== Prompt ==
Copy out all of the entries below without any change.

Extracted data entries
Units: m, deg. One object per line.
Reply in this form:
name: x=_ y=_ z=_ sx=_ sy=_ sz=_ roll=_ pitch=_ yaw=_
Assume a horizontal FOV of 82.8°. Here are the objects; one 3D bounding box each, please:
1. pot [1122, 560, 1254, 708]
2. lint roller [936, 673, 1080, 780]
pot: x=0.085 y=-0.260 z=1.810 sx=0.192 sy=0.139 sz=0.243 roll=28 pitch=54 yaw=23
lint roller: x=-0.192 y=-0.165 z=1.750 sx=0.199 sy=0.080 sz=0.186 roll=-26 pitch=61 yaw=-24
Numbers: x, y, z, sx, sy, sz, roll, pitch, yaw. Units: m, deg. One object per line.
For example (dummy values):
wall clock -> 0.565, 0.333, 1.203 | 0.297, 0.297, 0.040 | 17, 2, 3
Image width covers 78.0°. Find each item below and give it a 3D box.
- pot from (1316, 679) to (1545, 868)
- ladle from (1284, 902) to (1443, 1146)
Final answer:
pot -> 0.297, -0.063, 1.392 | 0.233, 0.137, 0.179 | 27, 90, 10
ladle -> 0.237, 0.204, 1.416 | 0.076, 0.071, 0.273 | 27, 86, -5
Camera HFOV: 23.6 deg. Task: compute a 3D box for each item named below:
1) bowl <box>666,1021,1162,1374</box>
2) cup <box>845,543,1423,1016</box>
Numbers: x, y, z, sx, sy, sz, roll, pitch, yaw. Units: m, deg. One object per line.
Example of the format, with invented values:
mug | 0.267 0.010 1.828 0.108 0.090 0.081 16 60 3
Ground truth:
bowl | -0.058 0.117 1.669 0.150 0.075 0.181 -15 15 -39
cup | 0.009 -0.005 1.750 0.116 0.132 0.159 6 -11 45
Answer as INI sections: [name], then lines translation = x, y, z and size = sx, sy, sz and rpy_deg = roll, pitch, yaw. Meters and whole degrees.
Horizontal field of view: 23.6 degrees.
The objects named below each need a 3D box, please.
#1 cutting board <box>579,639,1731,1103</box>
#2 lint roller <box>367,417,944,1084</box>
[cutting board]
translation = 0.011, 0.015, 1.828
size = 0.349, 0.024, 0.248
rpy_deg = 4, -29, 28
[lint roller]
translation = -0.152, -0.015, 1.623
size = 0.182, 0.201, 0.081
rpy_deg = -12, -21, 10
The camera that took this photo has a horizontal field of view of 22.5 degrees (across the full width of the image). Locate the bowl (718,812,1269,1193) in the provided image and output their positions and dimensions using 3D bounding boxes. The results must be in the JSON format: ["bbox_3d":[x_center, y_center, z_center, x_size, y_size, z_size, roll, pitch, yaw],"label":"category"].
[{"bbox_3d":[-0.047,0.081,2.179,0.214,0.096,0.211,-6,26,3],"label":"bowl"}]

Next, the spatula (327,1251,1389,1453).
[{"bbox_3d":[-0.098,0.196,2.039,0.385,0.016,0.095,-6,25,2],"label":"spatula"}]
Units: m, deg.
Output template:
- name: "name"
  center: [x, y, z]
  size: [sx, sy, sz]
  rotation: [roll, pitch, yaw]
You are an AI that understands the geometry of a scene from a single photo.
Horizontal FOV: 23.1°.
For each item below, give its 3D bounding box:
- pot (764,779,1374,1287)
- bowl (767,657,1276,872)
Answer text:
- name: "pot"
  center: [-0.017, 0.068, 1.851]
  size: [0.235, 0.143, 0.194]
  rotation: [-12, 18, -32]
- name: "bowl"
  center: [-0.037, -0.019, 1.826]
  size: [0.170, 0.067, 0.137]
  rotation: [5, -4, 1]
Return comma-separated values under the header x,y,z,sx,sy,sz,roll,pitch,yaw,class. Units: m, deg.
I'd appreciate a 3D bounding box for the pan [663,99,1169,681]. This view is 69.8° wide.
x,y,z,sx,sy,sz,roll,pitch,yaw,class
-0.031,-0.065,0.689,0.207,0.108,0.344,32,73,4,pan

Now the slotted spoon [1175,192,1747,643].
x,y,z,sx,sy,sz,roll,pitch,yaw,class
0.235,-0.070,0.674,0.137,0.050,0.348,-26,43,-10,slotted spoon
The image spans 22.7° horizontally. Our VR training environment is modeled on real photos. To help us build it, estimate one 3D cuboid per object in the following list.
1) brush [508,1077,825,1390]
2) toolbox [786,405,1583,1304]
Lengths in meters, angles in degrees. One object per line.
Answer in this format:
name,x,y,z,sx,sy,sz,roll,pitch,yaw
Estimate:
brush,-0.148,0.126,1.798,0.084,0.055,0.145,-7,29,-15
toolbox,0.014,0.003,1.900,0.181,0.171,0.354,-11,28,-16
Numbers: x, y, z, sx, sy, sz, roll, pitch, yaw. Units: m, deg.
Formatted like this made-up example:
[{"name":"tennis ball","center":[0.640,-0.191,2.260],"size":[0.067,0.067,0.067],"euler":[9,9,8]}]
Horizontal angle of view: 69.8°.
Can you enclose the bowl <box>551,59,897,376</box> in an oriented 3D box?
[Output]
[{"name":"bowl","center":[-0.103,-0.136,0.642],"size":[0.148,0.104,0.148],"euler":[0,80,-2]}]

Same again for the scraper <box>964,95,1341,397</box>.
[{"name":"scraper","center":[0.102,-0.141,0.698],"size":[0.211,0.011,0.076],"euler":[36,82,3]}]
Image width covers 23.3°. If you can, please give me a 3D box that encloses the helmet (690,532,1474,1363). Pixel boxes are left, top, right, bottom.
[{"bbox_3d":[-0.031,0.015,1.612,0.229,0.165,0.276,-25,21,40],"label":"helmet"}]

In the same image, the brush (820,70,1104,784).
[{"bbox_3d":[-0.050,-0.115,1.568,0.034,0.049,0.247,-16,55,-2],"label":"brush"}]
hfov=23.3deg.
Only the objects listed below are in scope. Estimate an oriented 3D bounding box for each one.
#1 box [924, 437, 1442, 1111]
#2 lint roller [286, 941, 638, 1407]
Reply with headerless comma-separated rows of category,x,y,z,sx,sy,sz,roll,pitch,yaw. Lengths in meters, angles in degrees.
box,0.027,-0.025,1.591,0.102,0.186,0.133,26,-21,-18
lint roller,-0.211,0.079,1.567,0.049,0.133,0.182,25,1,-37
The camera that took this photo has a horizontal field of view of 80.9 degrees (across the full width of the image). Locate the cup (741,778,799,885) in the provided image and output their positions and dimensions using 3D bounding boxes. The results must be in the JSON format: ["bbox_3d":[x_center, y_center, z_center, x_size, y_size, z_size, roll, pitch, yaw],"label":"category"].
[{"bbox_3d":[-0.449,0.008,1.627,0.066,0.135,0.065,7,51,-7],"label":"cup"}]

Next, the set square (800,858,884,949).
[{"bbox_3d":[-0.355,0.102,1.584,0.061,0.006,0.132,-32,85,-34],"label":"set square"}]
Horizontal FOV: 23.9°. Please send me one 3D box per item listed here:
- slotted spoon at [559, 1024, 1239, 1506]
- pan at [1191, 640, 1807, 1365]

== Written solution ==
Units: m, deg. One object per line.
Reply in this form:
name: x=_ y=_ z=_ sx=_ sy=_ sz=_ roll=_ pitch=_ yaw=_
Assume a horizontal FOV of 82.8°. Here are the objects; one 3D bounding box each, please:
1. pot [1122, 560, 1254, 708]
2. lint roller [936, 673, 1080, 780]
pot: x=0.085 y=-0.260 z=1.810 sx=0.192 sy=0.139 sz=0.243 roll=28 pitch=54 yaw=23
lint roller: x=-0.192 y=-0.165 z=1.750 sx=0.199 sy=0.080 sz=0.186 roll=-26 pitch=61 yaw=-24
Numbers: x, y, z, sx, sy, sz, roll, pitch, yaw. Units: m, deg. One object per line.
For example (dummy values):
wall clock -> 0.565, 0.333, 1.203 | 0.297, 0.297, 0.040 | 17, 2, 3
Image width covers 78.0°. Find each item below and give it a 3D box.
- pot from (1316, 679) to (1545, 868)
- ladle from (1284, 902) to (1443, 1146)
Final answer:
pot -> 0.297, -0.063, 1.392 | 0.233, 0.137, 0.179 | 27, 90, 10
ladle -> 0.237, 0.204, 1.416 | 0.076, 0.071, 0.273 | 27, 86, -5
Camera HFOV: 23.6 deg. Task: compute a 3D box for each item named below:
1) bowl <box>666,1021,1162,1374</box>
2) cup <box>845,543,1423,1016</box>
Numbers: x, y, z, sx, sy, sz, roll, pitch, yaw. Units: m, deg. One object per line.
Example of the format, with invented values:
mug | 0.267 0.010 1.828 0.108 0.090 0.081 16 60 3
Ground truth:
bowl | -0.058 0.117 1.669 0.150 0.075 0.181 -15 15 -39
cup | 0.009 -0.005 1.750 0.116 0.132 0.159 6 -11 45
Answer as INI sections: [name], then lines translation = x, y, z and size = sx, sy, sz and rpy_deg = roll, pitch, yaw. Meters and whole degrees.
Horizontal field of view: 23.6 degrees.
The objects named below each need a 3D box, please.
#1 cutting board <box>579,639,1731,1103</box>
#2 lint roller <box>367,417,944,1084</box>
[cutting board]
translation = 0.011, 0.015, 1.828
size = 0.349, 0.024, 0.248
rpy_deg = 4, -29, 28
[lint roller]
translation = -0.152, -0.015, 1.623
size = 0.182, 0.201, 0.081
rpy_deg = -12, -21, 10
The camera that took this photo has a horizontal field of view of 22.5 degrees (across the full width of the image). Locate the bowl (718,812,1269,1193) in the provided image and output their positions and dimensions using 3D bounding boxes. The results must be in the JSON format: ["bbox_3d":[x_center, y_center, z_center, x_size, y_size, z_size, roll, pitch, yaw],"label":"category"].
[{"bbox_3d":[-0.047,0.081,2.179,0.214,0.096,0.211,-6,26,3],"label":"bowl"}]

Next, the spatula (327,1251,1389,1453).
[{"bbox_3d":[-0.098,0.196,2.039,0.385,0.016,0.095,-6,25,2],"label":"spatula"}]
Units: m, deg.
Output template:
- name: "name"
  center: [x, y, z]
  size: [sx, sy, sz]
  rotation: [roll, pitch, yaw]
You are an AI that understands the geometry of a scene from a single photo.
Horizontal FOV: 23.1°.
For each item below, give its 3D bounding box:
- pot (764,779,1374,1287)
- bowl (767,657,1276,872)
Answer text:
- name: "pot"
  center: [-0.017, 0.068, 1.851]
  size: [0.235, 0.143, 0.194]
  rotation: [-12, 18, -32]
- name: "bowl"
  center: [-0.037, -0.019, 1.826]
  size: [0.170, 0.067, 0.137]
  rotation: [5, -4, 1]
Return comma-separated values under the header x,y,z,sx,sy,sz,roll,pitch,yaw,class. Units: m, deg.
I'd appreciate a 3D bounding box for the pan [663,99,1169,681]. This view is 69.8° wide.
x,y,z,sx,sy,sz,roll,pitch,yaw,class
-0.031,-0.065,0.689,0.207,0.108,0.344,32,73,4,pan

Now the slotted spoon [1175,192,1747,643].
x,y,z,sx,sy,sz,roll,pitch,yaw,class
0.235,-0.070,0.674,0.137,0.050,0.348,-26,43,-10,slotted spoon
The image spans 22.7° horizontally. Our VR training environment is modeled on real photos. To help us build it, estimate one 3D cuboid per object in the following list.
1) brush [508,1077,825,1390]
2) toolbox [786,405,1583,1304]
Lengths in meters, angles in degrees. One object per line.
Answer in this format:
name,x,y,z,sx,sy,sz,roll,pitch,yaw
Estimate:
brush,-0.148,0.126,1.798,0.084,0.055,0.145,-7,29,-15
toolbox,0.014,0.003,1.900,0.181,0.171,0.354,-11,28,-16
Numbers: x, y, z, sx, sy, sz, roll, pitch, yaw. Units: m, deg.
Formatted like this made-up example:
[{"name":"tennis ball","center":[0.640,-0.191,2.260],"size":[0.067,0.067,0.067],"euler":[9,9,8]}]
Horizontal angle of view: 69.8°.
Can you enclose the bowl <box>551,59,897,376</box> in an oriented 3D box?
[Output]
[{"name":"bowl","center":[-0.103,-0.136,0.642],"size":[0.148,0.104,0.148],"euler":[0,80,-2]}]

Same again for the scraper <box>964,95,1341,397</box>.
[{"name":"scraper","center":[0.102,-0.141,0.698],"size":[0.211,0.011,0.076],"euler":[36,82,3]}]
Image width covers 23.3°. If you can, please give me a 3D box that encloses the helmet (690,532,1474,1363). Pixel boxes are left, top, right, bottom.
[{"bbox_3d":[-0.031,0.015,1.612,0.229,0.165,0.276,-25,21,40],"label":"helmet"}]

In the same image, the brush (820,70,1104,784).
[{"bbox_3d":[-0.050,-0.115,1.568,0.034,0.049,0.247,-16,55,-2],"label":"brush"}]
hfov=23.3deg.
Only the objects listed below are in scope. Estimate an oriented 3D bounding box for each one.
#1 box [924, 437, 1442, 1111]
#2 lint roller [286, 941, 638, 1407]
Reply with headerless comma-separated rows of category,x,y,z,sx,sy,sz,roll,pitch,yaw. Lengths in meters, angles in degrees.
box,0.027,-0.025,1.591,0.102,0.186,0.133,26,-21,-18
lint roller,-0.211,0.079,1.567,0.049,0.133,0.182,25,1,-37
The camera that took this photo has a horizontal field of view of 80.9 degrees (across the full width of the image). Locate the cup (741,778,799,885) in the provided image and output their positions and dimensions using 3D bounding boxes. The results must be in the JSON format: ["bbox_3d":[x_center, y_center, z_center, x_size, y_size, z_size, roll, pitch, yaw],"label":"category"].
[{"bbox_3d":[-0.449,0.008,1.627,0.066,0.135,0.065,7,51,-7],"label":"cup"}]

Next, the set square (800,858,884,949).
[{"bbox_3d":[-0.355,0.102,1.584,0.061,0.006,0.132,-32,85,-34],"label":"set square"}]
Horizontal FOV: 23.9°. Please send me one 3D box per item listed here:
- slotted spoon at [559, 1024, 1239, 1506]
- pan at [1191, 640, 1807, 1365]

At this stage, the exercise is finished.